Problem statement: Scan the listing and work out how many lines contain the word "Lazarus". Nothing but the number should be given.

Data section:
>>>>>

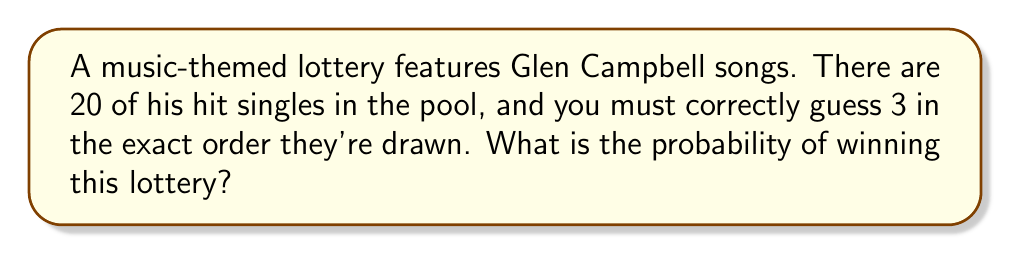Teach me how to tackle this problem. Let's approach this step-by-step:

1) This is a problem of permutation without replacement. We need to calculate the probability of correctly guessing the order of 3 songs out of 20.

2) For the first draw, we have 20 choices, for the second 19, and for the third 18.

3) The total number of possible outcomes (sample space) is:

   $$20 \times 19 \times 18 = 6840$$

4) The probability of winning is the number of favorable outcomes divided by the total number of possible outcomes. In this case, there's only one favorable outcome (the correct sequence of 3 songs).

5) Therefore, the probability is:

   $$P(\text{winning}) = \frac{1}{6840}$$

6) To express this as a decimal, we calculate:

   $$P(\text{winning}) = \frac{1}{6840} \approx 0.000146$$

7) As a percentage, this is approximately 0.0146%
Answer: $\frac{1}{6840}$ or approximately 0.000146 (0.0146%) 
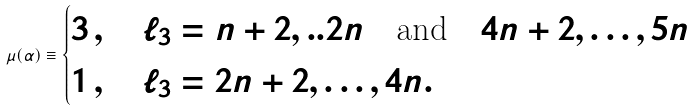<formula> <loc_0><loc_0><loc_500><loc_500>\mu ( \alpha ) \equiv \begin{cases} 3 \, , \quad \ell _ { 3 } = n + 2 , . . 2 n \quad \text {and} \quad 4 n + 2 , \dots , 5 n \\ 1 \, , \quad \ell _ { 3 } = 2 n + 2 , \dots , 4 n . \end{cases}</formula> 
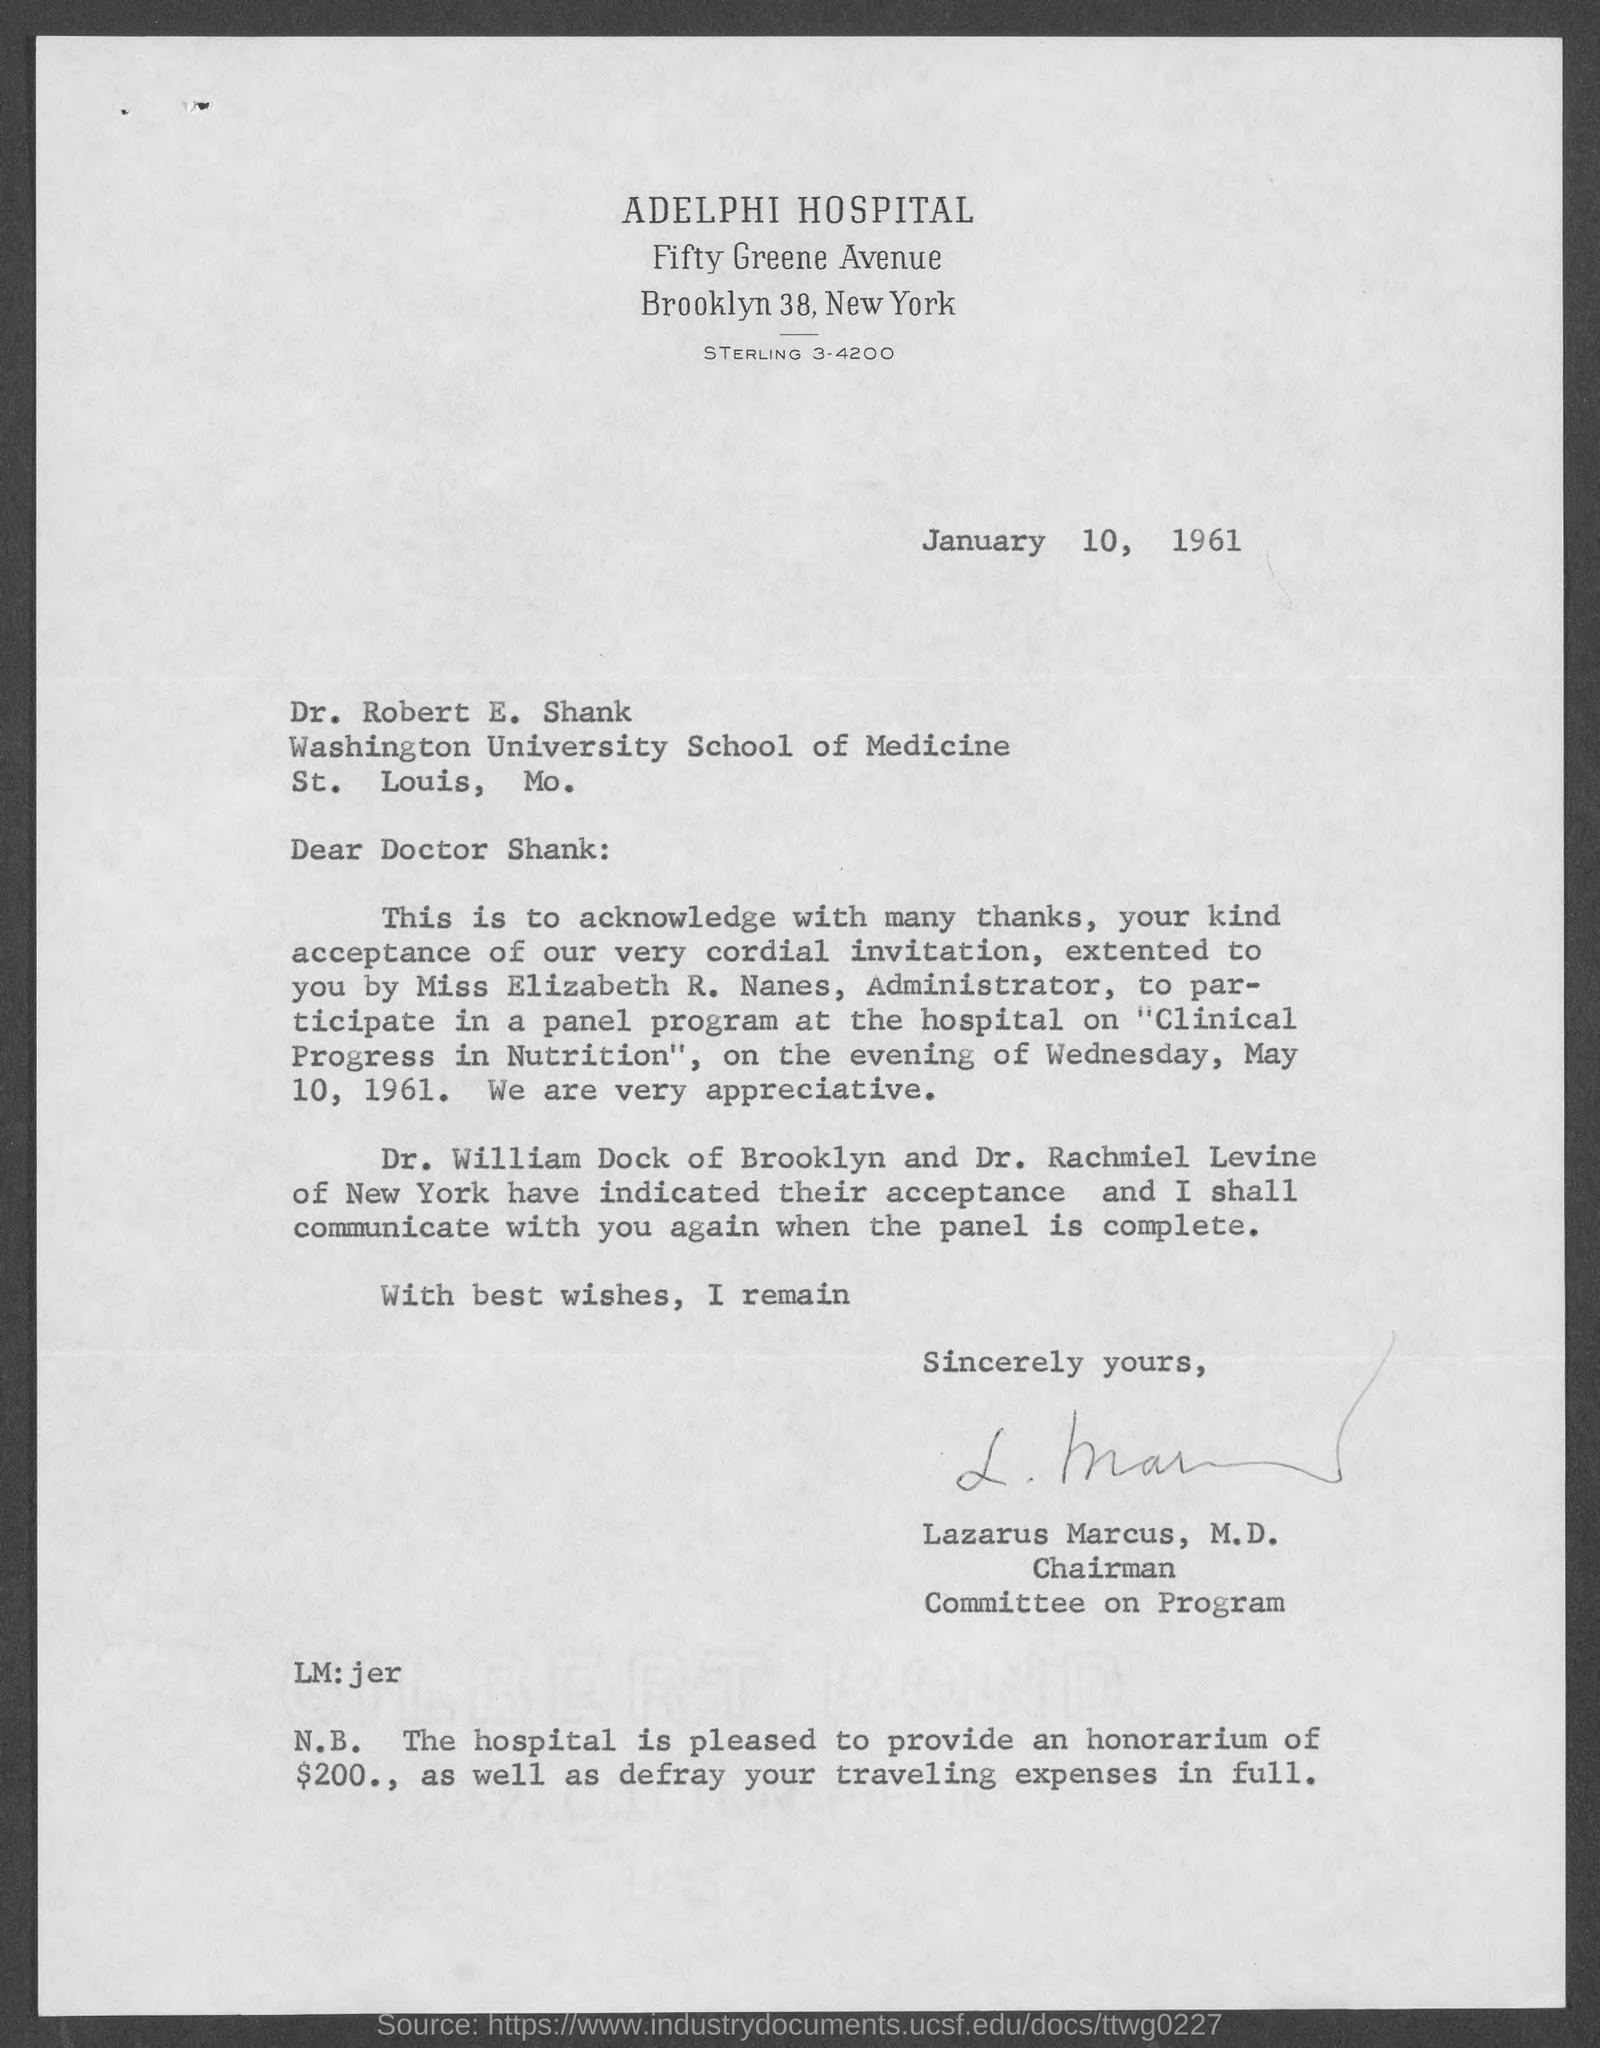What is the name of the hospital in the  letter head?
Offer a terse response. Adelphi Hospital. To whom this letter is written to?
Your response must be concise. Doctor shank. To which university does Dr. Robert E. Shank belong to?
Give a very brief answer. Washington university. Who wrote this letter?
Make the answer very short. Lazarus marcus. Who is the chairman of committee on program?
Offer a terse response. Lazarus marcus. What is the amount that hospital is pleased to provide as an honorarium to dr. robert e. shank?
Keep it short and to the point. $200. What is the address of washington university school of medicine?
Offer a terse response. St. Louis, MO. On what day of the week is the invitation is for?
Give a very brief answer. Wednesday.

<<<<<
>>>>>

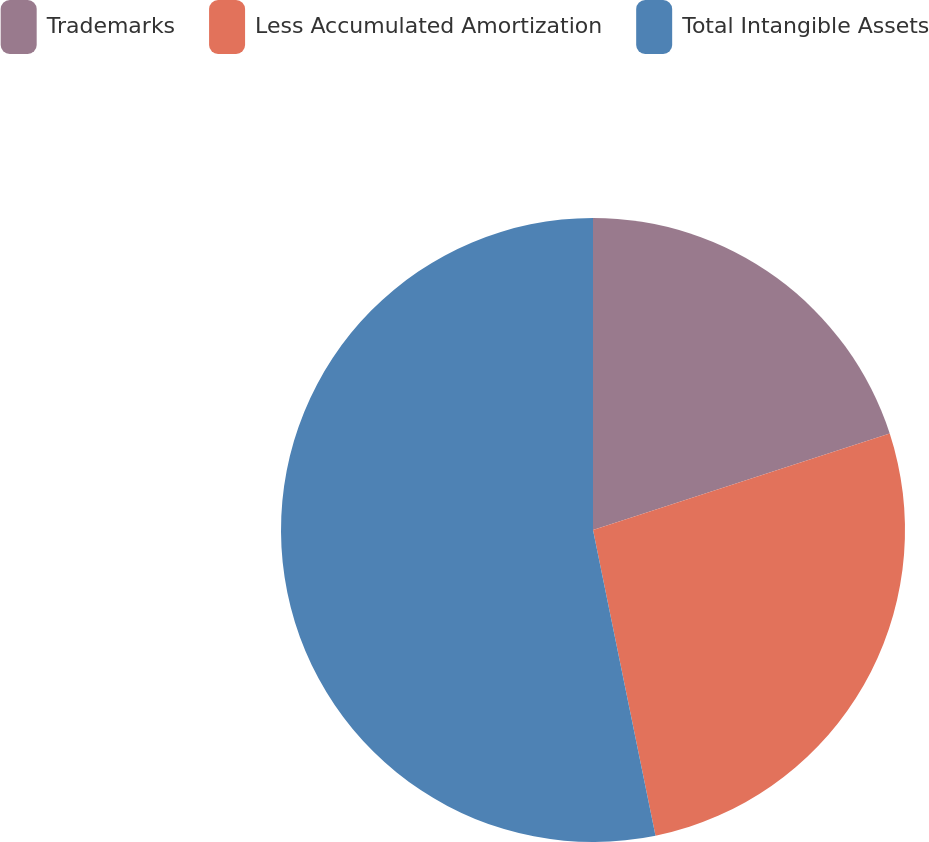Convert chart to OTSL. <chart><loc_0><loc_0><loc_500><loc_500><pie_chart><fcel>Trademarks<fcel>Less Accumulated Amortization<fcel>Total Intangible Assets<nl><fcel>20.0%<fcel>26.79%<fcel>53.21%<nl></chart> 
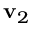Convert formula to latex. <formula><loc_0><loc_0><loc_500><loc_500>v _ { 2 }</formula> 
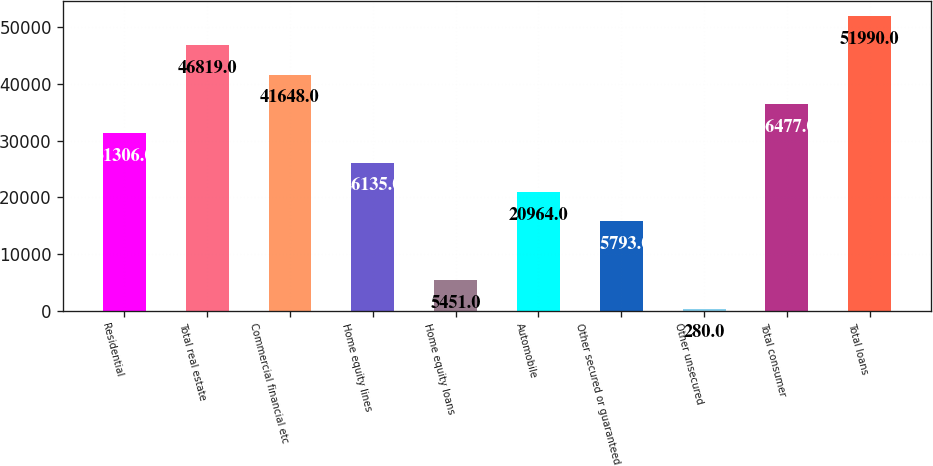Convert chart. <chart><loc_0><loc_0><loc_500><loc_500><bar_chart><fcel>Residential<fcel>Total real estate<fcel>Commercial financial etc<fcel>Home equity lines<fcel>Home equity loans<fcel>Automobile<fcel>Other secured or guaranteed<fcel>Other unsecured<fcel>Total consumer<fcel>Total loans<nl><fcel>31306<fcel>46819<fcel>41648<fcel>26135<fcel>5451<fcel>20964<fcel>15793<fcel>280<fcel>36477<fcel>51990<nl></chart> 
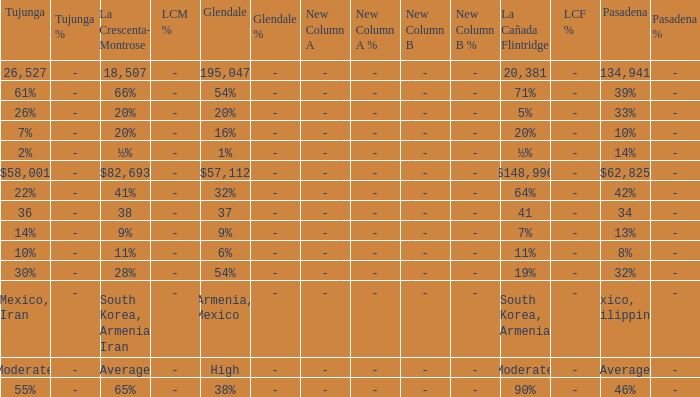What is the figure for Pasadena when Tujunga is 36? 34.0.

<<<<<

Your solution: 2